The Australian’s editor vows to keep up pressure on Press Council despite warning campaign risks future of self regulation
The editor-in-chief of The Australian has vowed to continue a “deliberate campaign” questioning the oversight of the Australian Press Council despite a claim by the watchdog that the situation may undermine press self regulation.
For the second week in a row, The Weekend Australian featured articles about confidential cases currently before the APC and carried editorials criticising the body. The move by the News Corp-owned paper has been critcised by the APC’s executive director John Pender.
In a statement this afternoon, Pender warned: “Both The Weekend Australian and The Australian concede they have breached agreed obligations to maintain confidentiality of aspects of the Council’s complaint processes.
“Repeated breaches of these obligations, and misrepresentations of the Council’s work, can severely compromise its credibility as a preferable alternative to a statutory regulator, which currently applies to radio and television.”
But The Australian’s editor Chris Mitchell this afternoon told Mumbrella: “I did not stumble upon this issue by accident.

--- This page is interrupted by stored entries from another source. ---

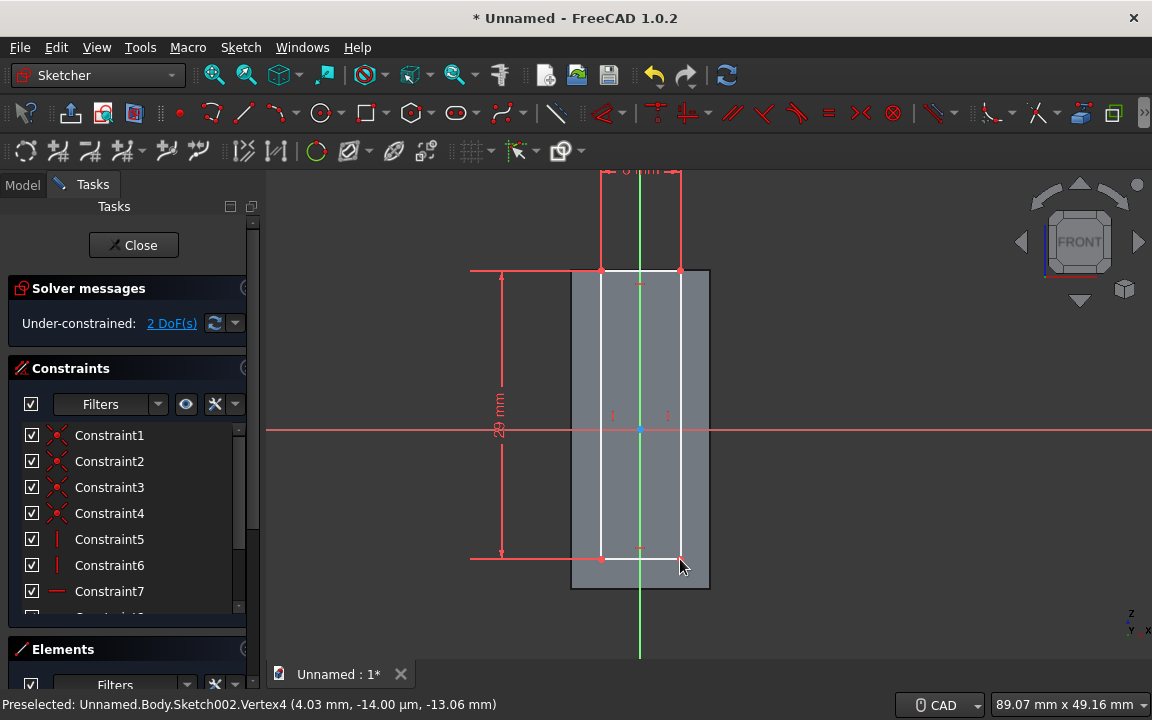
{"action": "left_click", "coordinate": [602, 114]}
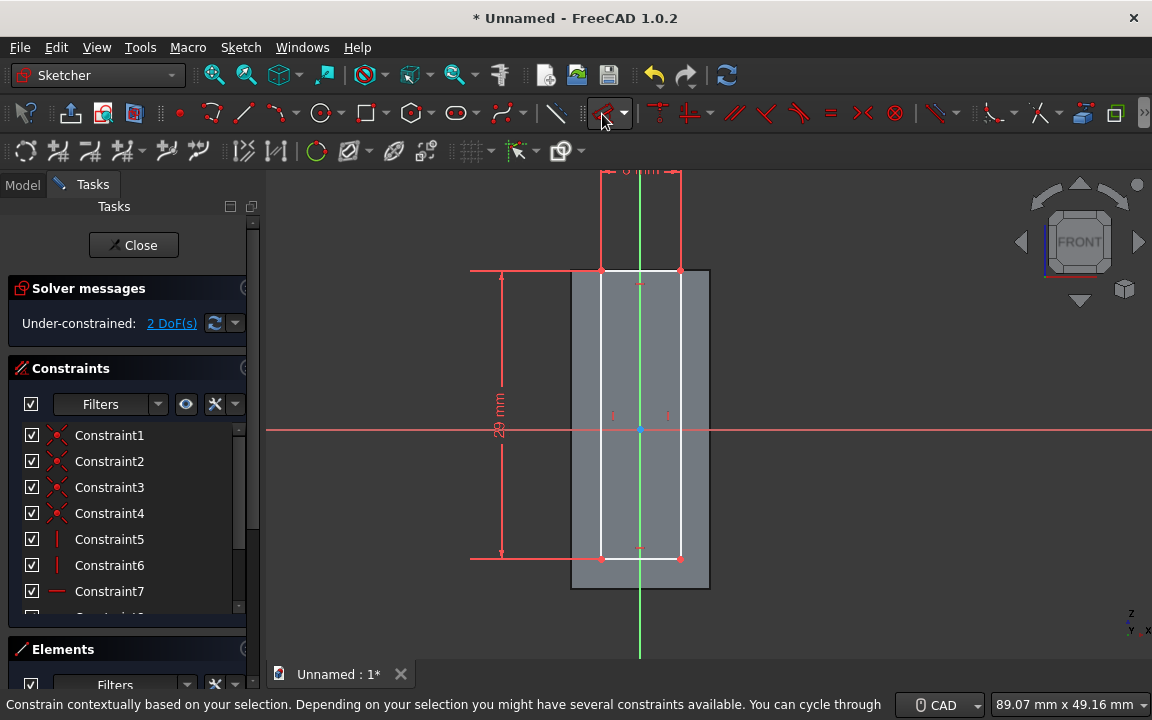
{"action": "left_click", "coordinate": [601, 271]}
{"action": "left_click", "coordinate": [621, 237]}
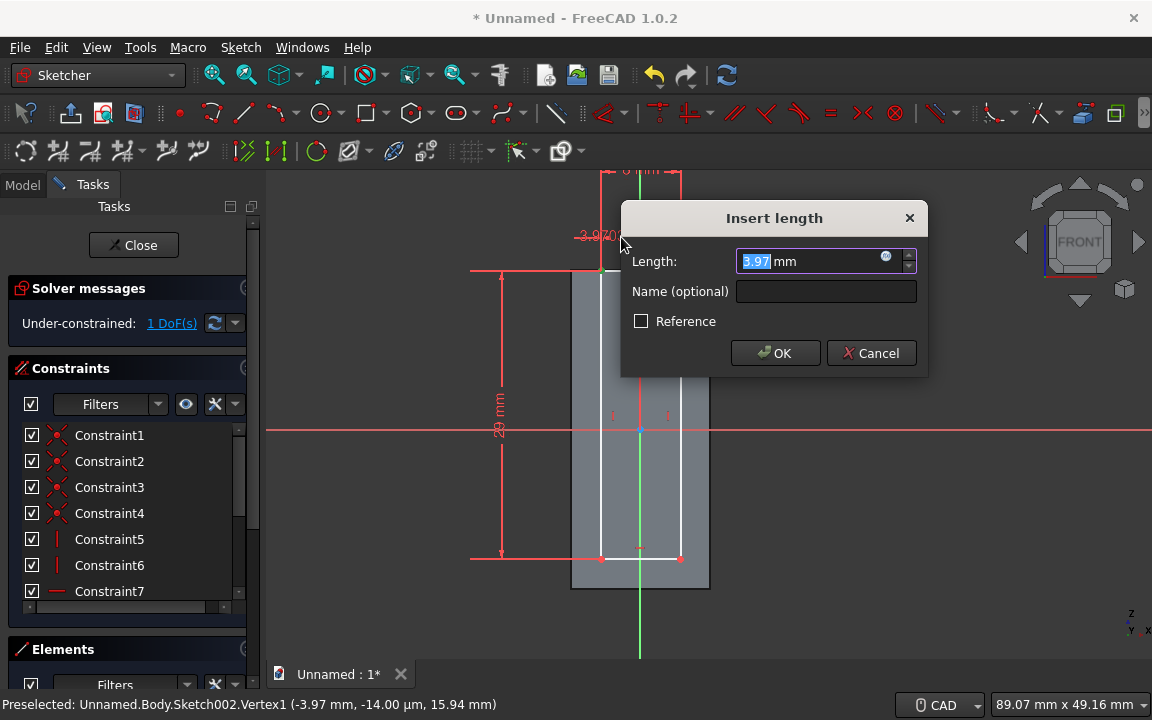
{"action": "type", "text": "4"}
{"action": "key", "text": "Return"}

This is a deliberate campaign to force the council to recognise it is straying into areas in which it traditionally would never have strayed.”
Referring to chairman Julian Disney’s decision to step down as chair of the APC in January, Mitchell added: “We will be continuing, and indeed stepping up, this campaign and do not see Disney’s departure as a catalyst for change.
“Quite the reverse, we see it as a deadline by which he means to have brought down a whole series of precedent judgements, like last week’s against the SMH, that will set the tone for years to come. I do not intend to let that happen and many editors have privately offered support.”
Last week the APC partly upheld a complaint against he Sydney Morning Herald over its reporting on the death of Kate Malonyay and subsequently her partner Elliott Coulson. The APC ruled the paper had breached the family’s privacy by covering material gathered at the funeral, despite not having the permission of the family to do so.
In The Weekend Australian on Saturday, the whole of page two was dedicated to coverage of the APC, including a complaint lodged by a murder suspect against News Corp’s Herald Sun newspaper in Melbourne and a complaint against The Australian over a front page photograph of a seven-year-old son of Islamic State terrorist Khaled Sharrouf, apparently holding a severed head of an Iraqi. There were also accompanying opinion pieces and an editorial criticising the APC and Disney.
This latest stoush between the two side comes just a week after The Australian first denounced the APC and Disney, claiming he has a conflict of interest in a complaint currently before the regulator because he once spoke at the same function as the subject of the complaint.
Disney has denied there is any conflict.
Asked to comment this morning about whether News Corp still supported the APC, a spokesman directed Mumbrella to its comment from last week where it said: “News Corp Australia has made commitments to its funding and membership of The Australian Press Council and those commitments remain in place.”
(Declaration of interest: Mumbrella is also a member of the APC.)
Nic Christensen
The Australian is carrying out this campaign with full confidence that its symbiotic relationship with the Coalition government means any type of forced regulation is not even a remote possibility. They can basically do whatever the heck they want.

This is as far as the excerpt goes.